Cleaned dataset saved to ../data/processed/cleaned_data.csv


In [15]:
# Check total number of missing values in the cleaned dataset
total_missing = cleaned_df.isnull().sum().sum()

print("Total missing values in cleaned dataset:", total_missing)

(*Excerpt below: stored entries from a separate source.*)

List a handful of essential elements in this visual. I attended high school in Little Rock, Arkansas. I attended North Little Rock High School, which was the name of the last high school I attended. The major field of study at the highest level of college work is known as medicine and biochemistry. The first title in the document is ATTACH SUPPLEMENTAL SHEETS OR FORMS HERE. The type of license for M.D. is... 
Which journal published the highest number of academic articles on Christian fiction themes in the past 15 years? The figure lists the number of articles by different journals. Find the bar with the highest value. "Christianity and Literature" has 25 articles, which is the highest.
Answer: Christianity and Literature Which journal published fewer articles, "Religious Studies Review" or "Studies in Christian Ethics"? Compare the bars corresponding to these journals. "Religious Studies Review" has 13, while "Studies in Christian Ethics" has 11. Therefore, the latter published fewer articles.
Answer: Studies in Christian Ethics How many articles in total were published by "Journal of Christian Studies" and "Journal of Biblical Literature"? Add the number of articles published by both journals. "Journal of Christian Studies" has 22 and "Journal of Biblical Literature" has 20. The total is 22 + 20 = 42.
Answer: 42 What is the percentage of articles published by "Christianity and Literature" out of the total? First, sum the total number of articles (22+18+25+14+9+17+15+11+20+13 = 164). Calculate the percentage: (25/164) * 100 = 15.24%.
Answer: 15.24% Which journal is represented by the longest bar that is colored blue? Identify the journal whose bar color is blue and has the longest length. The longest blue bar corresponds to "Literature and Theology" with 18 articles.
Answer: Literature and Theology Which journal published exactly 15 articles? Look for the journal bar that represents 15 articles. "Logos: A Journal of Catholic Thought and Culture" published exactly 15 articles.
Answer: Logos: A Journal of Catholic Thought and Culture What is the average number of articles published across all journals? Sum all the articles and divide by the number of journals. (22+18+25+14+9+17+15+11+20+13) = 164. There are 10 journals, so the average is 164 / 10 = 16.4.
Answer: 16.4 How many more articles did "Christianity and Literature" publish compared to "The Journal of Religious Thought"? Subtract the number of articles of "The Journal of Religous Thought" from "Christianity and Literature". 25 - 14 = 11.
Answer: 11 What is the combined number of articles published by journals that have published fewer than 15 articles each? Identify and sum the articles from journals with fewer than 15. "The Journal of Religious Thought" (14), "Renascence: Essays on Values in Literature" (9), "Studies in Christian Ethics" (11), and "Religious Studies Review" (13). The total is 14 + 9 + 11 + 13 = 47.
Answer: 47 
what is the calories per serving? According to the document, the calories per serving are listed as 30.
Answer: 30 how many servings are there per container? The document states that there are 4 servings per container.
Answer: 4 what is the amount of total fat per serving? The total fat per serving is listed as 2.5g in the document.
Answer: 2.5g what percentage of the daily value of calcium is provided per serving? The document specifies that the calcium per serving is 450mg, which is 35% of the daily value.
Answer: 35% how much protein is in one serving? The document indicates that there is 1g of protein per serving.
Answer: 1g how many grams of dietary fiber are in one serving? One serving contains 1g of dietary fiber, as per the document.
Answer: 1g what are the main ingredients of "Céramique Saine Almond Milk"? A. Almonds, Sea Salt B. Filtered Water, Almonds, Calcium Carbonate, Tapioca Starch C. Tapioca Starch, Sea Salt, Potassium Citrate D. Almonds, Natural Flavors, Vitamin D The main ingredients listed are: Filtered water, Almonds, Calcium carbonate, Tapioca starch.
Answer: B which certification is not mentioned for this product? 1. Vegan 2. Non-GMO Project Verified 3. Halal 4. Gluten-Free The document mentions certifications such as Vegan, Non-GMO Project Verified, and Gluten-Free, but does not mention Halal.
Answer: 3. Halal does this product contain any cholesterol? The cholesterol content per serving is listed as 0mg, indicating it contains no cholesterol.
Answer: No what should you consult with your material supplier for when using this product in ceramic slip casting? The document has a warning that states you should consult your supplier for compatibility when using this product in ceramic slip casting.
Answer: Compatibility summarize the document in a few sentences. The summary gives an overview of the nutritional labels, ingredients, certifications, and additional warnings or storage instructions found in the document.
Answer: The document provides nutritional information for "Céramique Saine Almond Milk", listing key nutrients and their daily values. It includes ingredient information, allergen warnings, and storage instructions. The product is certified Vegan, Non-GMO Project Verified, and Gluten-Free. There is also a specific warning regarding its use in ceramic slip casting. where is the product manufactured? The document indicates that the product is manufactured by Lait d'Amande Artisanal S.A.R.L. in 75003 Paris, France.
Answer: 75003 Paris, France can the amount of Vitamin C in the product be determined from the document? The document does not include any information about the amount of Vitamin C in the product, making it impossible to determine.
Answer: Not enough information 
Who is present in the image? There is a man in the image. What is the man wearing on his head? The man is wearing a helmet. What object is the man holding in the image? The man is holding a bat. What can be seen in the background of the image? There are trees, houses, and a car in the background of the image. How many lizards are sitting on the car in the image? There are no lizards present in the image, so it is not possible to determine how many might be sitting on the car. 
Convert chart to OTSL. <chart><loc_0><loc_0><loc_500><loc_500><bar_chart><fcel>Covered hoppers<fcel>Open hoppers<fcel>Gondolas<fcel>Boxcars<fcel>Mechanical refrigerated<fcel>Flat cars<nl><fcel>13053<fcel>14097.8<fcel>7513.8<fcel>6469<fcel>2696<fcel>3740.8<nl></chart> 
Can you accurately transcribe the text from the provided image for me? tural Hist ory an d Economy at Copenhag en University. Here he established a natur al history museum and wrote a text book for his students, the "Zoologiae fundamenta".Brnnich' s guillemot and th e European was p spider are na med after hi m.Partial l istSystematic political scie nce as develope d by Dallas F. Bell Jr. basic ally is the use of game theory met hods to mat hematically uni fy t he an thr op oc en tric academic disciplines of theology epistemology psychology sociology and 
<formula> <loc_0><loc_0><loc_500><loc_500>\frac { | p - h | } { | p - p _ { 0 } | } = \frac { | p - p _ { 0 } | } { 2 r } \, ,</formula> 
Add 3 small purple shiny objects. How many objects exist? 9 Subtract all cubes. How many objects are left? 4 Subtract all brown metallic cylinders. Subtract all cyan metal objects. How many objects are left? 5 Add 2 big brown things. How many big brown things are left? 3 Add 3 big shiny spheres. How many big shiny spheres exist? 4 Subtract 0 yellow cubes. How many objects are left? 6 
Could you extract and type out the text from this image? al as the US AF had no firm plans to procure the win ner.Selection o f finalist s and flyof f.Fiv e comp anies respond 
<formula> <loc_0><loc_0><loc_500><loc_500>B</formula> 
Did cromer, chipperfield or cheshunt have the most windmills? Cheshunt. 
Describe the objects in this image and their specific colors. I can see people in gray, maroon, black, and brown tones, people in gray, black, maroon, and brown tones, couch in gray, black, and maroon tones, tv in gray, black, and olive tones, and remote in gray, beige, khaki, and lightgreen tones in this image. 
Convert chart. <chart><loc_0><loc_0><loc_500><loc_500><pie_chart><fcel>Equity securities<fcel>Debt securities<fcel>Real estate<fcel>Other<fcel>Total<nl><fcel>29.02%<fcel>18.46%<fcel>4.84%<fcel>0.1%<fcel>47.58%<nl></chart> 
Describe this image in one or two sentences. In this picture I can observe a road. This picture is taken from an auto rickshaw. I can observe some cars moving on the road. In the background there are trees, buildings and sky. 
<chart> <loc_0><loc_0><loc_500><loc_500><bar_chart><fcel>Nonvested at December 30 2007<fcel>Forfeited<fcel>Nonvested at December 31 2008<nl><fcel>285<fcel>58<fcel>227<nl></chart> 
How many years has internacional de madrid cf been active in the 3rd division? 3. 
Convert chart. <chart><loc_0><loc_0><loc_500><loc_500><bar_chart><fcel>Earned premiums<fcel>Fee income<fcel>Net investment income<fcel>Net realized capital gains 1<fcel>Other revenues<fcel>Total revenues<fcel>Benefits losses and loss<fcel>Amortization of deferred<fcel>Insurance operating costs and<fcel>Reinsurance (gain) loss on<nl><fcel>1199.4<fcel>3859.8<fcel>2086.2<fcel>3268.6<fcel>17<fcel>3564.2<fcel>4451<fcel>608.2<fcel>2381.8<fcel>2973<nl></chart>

Total missing values in cleaned dataset: 0


In [16]:
# Check missing values per column (only show if any exist)
missing_per_column = cleaned_df.isnull().sum()
missing_per_column[missing_per_column > 0]

Series([], dtype: int64)

## Summary

- Identifier and leakage-prone columns were removed
- Target labels were encoded numerically
- Numerical features were retained and imputed
- A clean dataset was saved for modeling

The dataset is now ready for exploratory analysis and baseline modeling.